导入库

In [22]:
import os
import imp
import numpy as np
import json

from dataset import EEGAudioDataset
from model.CLUB import CLUBSample_group
from model.CPC import Cross_CPC
from model.VQVAE import VQVAEEncoder,VQVAEDecoder,SemanticDecoder
from dataset import EEGAudioDataset
from torch_dct import dct

公共变量

In [23]:
words_path = r'./feat/words'
pt = 'sub-06'
test_word = 95
config_path = r'./config'
model_name = 'cmg_noclip'

读取数据

In [24]:
folder_path = os.path.join(words_path,f'{pt}')
filename = os.listdir(folder_path)[test_word]
word_info = np.load(os.path.join(folder_path,filename),allow_pickle=True)
word=word_info.item()['label']
eeg=word_info.item()['eeg']
audio=word_info.item()['audio']

print(word,eeg.shape,audio.shape)

helft (829, 127) (12960,)


数据预处理

In [25]:
with open(os.path.join(config_path,f'{model_name}.json'),'r') as f:
    cfg = json.load(f)
    model_cfg = cfg['model_config']
    data_cfg = cfg['data_config']

# load config 
seg_size = model_cfg['seg_size']
pred_size = model_cfg['pred_size']
# batch_size = model_cfg['batch_size']
# end_epoch = model_cfg['epochs'] if argu.epoch is None else argu.epoch
lr = model_cfg['lr']
b1 = model_cfg['b1']
b2 = model_cfg['b2']
clip_grad = model_cfg['clip_grad']
hidden_dim = model_cfg['hidden_dim']
d_model = model_cfg['d_model']
nhead = model_cfg['nhead']
n_layer = model_cfg['n_layer']
n_embedding = model_cfg['n_embedding']
mi_iter = model_cfg['mi_iter']

data_path = data_cfg['data_path']
win_len = data_cfg['win_len']
frame_shift = data_cfg['frame_shift']
eeg_sr = data_cfg['eeg_sr']
audio_sr = data_cfg['audio_sr']
pad_mode = data_cfg['pad_mode']

提取高频eeg信号和音频信号的梅尔频谱

In [26]:
eeg = EEGAudioDataset.extractHG(eeg,eeg_sr,windowLength=win_len,frameshift=frame_shift)
melspec = EEGAudioDataset.extractMelSpecs(audio,audio_sr,windowLength=win_len,frameshift=frame_shift)
# print(eeg.shape,melspec.shape)
if melspec.shape[0]!=eeg.shape[0]:
    minlen = min(melspec.shape[0],eeg.shape[0])
    melspec = melspec[:minlen,:]
    eeg = eeg[:minlen,:]
print(eeg.shape,melspec.shape)

(162, 127) (162, 40)


预处理

In [27]:
eeg_mean = np.mean(eeg)
eeg_std = np.std(eeg)
eeg = (eeg-eeg_mean)/eeg_std
eeg_list = []
mel_list = []
hop_size = 1
pad_width = ((int(np.floor((seg_size-hop_size)/2.0)),int(np.ceil((seg_size-hop_size)/2.0))),(0,0))
pad_eeg = np.pad(eeg,pad_width,mode=pad_mode)
pad_mel = np.pad(melspec,pad_width,mode=pad_mode)
num_win = int(len(eeg)/float(hop_size))
for i in range(num_win):
    start = i*hop_size
    end = start + seg_size
    eeg_list.append(pad_eeg[start:end,:])
    mel_list.append(pad_mel[start:end,:])

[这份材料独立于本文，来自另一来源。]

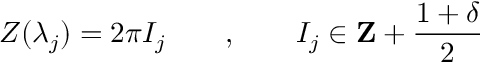Convert formula to latex. <formula><loc_0><loc_0><loc_500><loc_500>Z ( \lambda _ { j } ) = 2 \pi I _ { j } \quad , \quad I _ { j } \in Z + \frac { 1 + \delta } { 2 }</formula> 
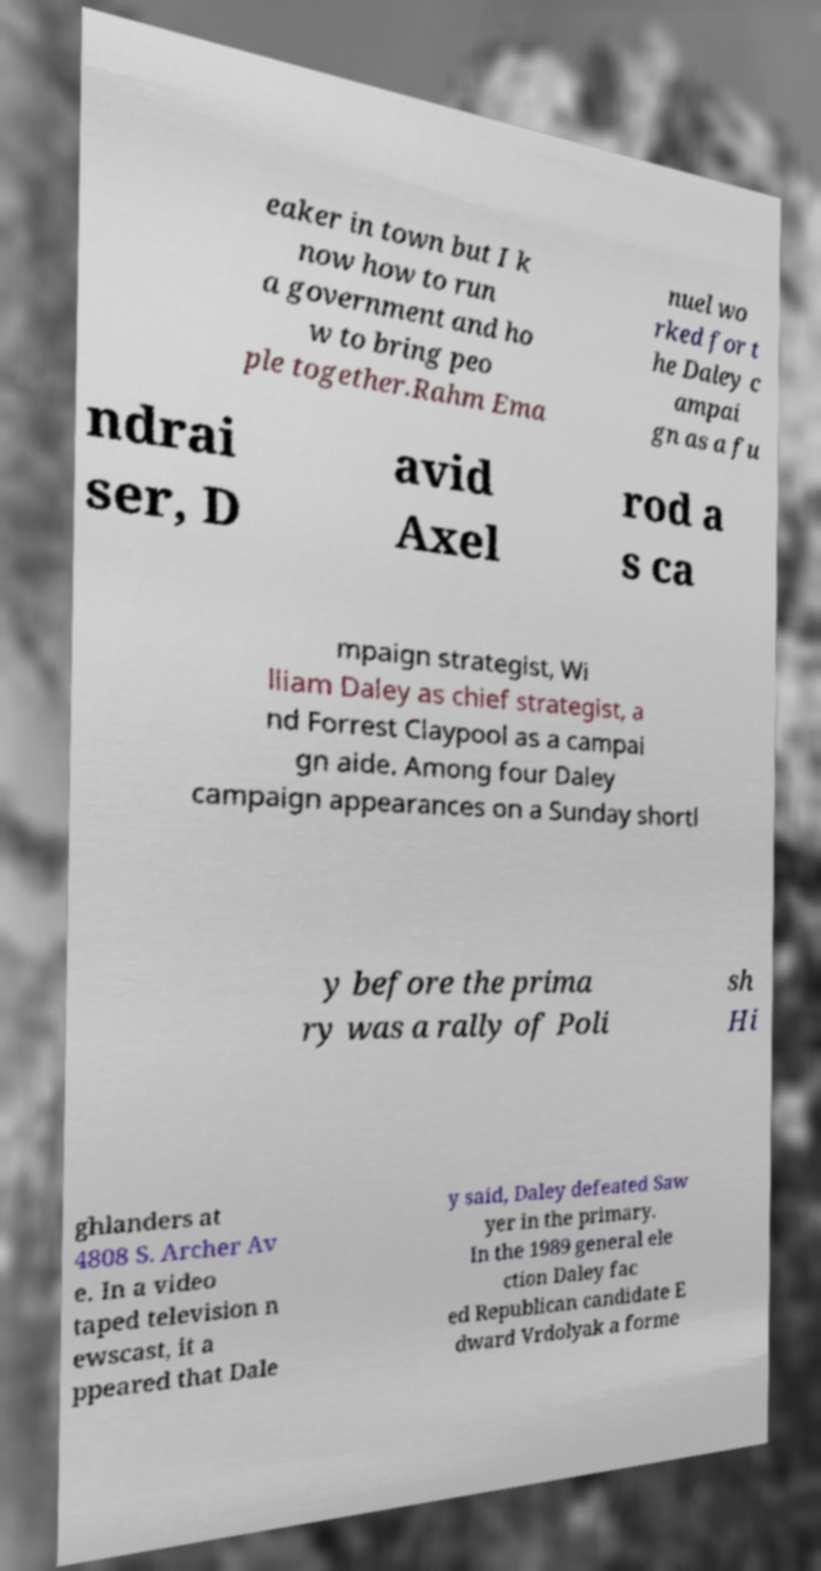There's text embedded in this image that I need extracted. Can you transcribe it verbatim? eaker in town but I k now how to run a government and ho w to bring peo ple together.Rahm Ema nuel wo rked for t he Daley c ampai gn as a fu ndrai ser, D avid Axel rod a s ca mpaign strategist, Wi lliam Daley as chief strategist, a nd Forrest Claypool as a campai gn aide. Among four Daley campaign appearances on a Sunday shortl y before the prima ry was a rally of Poli sh Hi ghlanders at 4808 S. Archer Av e. In a video taped television n ewscast, it a ppeared that Dale y said, Daley defeated Saw yer in the primary. In the 1989 general ele ction Daley fac ed Republican candidate E dward Vrdolyak a forme 
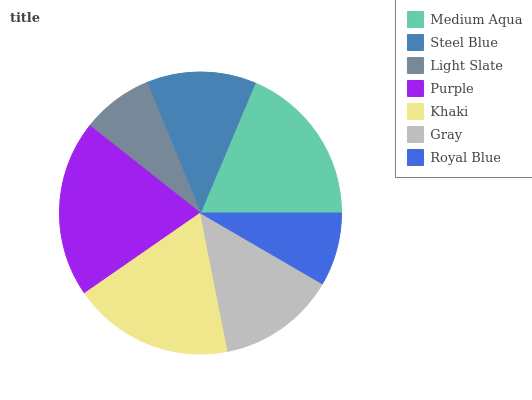Is Light Slate the minimum?
Answer yes or no. Yes. Is Purple the maximum?
Answer yes or no. Yes. Is Steel Blue the minimum?
Answer yes or no. No. Is Steel Blue the maximum?
Answer yes or no. No. Is Medium Aqua greater than Steel Blue?
Answer yes or no. Yes. Is Steel Blue less than Medium Aqua?
Answer yes or no. Yes. Is Steel Blue greater than Medium Aqua?
Answer yes or no. No. Is Medium Aqua less than Steel Blue?
Answer yes or no. No. Is Gray the high median?
Answer yes or no. Yes. Is Gray the low median?
Answer yes or no. Yes. Is Light Slate the high median?
Answer yes or no. No. Is Steel Blue the low median?
Answer yes or no. No. 
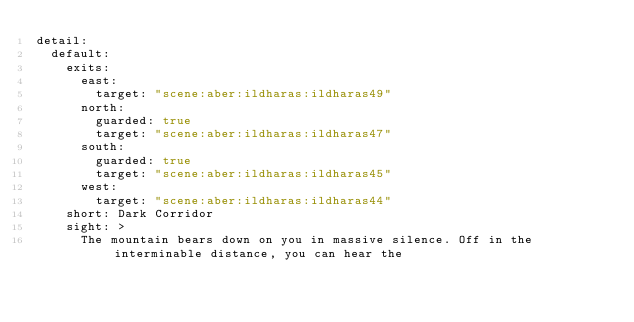Convert code to text. <code><loc_0><loc_0><loc_500><loc_500><_YAML_>detail:
  default:
    exits:
      east:
        target: "scene:aber:ildharas:ildharas49"
      north:
        guarded: true
        target: "scene:aber:ildharas:ildharas47"
      south:
        guarded: true
        target: "scene:aber:ildharas:ildharas45"
      west:
        target: "scene:aber:ildharas:ildharas44"
    short: Dark Corridor
    sight: >
      The mountain bears down on you in massive silence. Off in the interminable distance, you can hear the</code> 
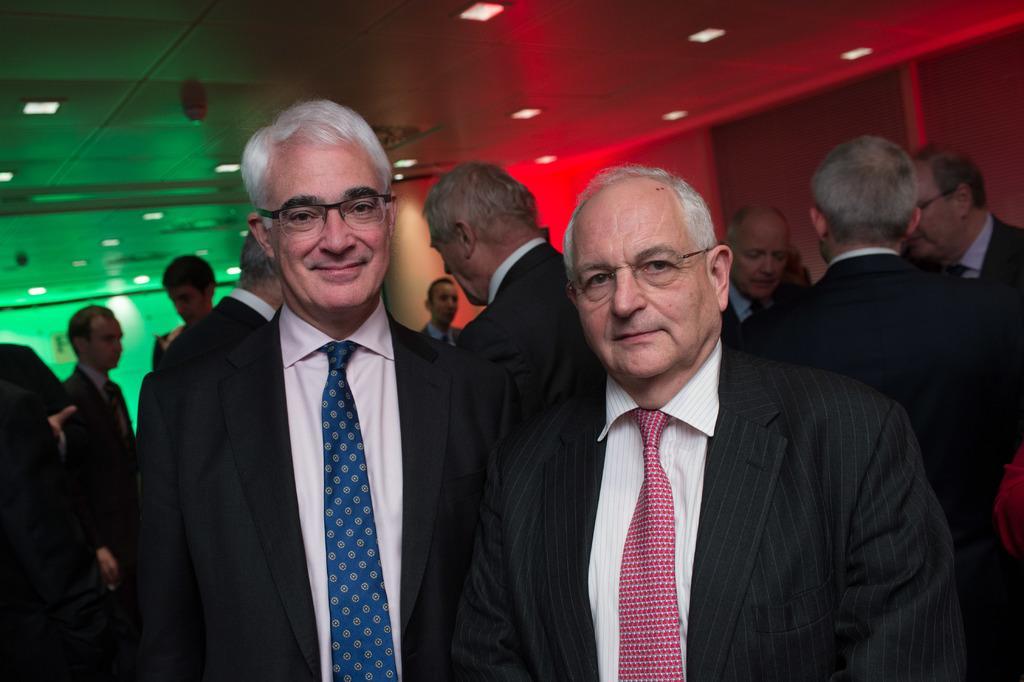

eeg_data = np.stack(eeg_list,axis=0)
mel_data = np.stack(mel_list,axis=0)
print(eeg_data.shape,mel_data.shape)

(162, 16, 127) (162, 16, 40)


加载模型

In [160]:
import numpy as np
import torch
import torch.nn.functional as F
from torch import nn

from itertools import chain

In [161]:
input_dim = eeg_data.shape[-1]
output_dim = mel_data.shape[-1]

device = torch.device("cuda" if torch.cuda.is_available() else "cpu")

vqvae_encoder = VQVAEEncoder(mel_dim=output_dim,eeg_dim=input_dim,mel_output_dim=d_model,eeg_output_dim=d_model,n_embedding=n_embedding,embedding_dim=d_model).to(device)
cpc = Cross_CPC(embedding_dim=d_model,hidden_dim=hidden_dim,context_dim=hidden_dim,num_layers=n_layer,predict_step=pred_size).to(device)
mel_mi_net = CLUBSample_group(x_dim=d_model,y_dim=d_model,hidden_size=hidden_dim).to(device)
eeg_mi_net = CLUBSample_group(x_dim=d_model,y_dim=d_model,hidden_size=hidden_dim).to(device)
vqvae_decoder = VQVAEDecoder(mel_dim=output_dim,eeg_dim=input_dim,mel_output_dim=d_model,eeg_output_dim=d_model,embedding_dim=d_model).to(device)
mel_vq_decoder = SemanticDecoder(input_dim=d_model,output_dim=output_dim).to(device)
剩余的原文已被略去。